| GIVEN RECORDS |

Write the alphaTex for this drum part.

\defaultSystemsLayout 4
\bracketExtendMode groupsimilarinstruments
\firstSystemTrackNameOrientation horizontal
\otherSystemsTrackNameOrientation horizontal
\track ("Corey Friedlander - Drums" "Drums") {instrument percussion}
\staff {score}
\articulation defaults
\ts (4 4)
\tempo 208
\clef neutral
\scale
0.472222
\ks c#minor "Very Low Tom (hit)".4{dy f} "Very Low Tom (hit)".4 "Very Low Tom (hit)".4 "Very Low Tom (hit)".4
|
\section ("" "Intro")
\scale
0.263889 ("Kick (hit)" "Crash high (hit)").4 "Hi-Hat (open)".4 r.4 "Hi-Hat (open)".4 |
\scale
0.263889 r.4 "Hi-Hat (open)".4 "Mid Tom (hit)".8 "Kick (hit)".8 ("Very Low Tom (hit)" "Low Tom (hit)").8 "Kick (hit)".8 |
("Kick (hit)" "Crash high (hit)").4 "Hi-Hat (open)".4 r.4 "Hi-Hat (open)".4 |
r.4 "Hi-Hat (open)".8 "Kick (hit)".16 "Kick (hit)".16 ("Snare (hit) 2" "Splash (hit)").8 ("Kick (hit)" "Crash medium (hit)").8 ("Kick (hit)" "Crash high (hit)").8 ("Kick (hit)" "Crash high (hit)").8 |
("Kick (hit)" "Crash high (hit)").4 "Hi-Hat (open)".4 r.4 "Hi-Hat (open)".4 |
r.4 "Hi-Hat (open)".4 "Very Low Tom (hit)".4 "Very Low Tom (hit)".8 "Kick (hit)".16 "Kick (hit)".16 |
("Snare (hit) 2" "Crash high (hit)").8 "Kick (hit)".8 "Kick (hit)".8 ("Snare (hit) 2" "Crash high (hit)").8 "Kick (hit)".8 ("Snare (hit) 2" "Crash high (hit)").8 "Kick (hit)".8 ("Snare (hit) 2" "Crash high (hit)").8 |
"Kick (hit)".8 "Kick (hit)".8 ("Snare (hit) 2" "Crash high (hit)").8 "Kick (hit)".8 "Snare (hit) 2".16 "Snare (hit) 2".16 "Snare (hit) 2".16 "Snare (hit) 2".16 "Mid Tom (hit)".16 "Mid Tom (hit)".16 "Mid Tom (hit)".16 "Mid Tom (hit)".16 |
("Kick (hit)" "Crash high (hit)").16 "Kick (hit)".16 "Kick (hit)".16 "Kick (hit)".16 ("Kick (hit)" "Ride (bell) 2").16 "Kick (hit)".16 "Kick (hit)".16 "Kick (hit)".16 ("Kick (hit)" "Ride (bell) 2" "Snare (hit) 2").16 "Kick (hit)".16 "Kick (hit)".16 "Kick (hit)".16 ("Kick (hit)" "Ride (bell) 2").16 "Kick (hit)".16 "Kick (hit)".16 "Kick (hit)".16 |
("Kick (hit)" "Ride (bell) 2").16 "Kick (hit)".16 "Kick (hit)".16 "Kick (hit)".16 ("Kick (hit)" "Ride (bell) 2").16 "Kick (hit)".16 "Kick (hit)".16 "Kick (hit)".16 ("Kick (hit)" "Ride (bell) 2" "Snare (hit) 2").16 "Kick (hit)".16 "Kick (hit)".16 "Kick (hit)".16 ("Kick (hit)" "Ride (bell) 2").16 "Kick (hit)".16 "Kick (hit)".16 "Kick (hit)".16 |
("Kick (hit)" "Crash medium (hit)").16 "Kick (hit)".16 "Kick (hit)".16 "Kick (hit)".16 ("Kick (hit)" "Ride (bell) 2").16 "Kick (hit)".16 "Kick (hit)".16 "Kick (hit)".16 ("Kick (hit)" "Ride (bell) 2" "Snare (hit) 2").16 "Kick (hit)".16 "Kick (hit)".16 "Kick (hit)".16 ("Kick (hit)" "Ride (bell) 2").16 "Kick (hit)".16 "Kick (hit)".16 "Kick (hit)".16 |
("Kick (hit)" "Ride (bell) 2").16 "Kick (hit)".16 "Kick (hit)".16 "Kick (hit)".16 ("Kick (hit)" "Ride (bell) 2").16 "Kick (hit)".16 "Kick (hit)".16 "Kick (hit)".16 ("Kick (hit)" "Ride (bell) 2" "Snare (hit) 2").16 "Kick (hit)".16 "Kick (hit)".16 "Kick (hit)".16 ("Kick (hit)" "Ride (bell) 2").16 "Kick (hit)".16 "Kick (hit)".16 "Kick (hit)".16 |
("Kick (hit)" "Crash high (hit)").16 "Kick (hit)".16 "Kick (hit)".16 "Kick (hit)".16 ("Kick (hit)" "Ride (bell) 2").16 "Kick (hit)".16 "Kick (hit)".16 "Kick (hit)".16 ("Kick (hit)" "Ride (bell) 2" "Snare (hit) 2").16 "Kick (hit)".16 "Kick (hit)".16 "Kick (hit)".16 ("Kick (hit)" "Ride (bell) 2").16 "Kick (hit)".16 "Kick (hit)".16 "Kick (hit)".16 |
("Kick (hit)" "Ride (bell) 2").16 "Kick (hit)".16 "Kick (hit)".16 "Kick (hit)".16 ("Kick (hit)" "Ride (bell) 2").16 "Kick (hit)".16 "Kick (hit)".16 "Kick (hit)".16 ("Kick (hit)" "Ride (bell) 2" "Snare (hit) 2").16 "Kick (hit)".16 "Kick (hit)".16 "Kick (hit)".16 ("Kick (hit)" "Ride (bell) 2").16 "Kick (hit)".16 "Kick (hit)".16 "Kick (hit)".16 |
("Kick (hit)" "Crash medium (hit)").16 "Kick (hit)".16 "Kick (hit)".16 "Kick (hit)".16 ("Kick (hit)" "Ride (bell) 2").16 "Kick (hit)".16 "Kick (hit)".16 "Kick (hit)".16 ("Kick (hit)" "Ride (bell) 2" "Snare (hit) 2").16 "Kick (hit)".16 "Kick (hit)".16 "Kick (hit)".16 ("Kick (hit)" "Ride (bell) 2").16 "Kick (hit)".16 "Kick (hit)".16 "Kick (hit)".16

| PROBLEM REQUIREMENTS |
Find the lines above that contain the word "horizontal" and collect them.

| EXERCISE RESULT |
\firstSystemTrackNameOrientation horizontal
\otherSystemsTrackNameOrientation horizontal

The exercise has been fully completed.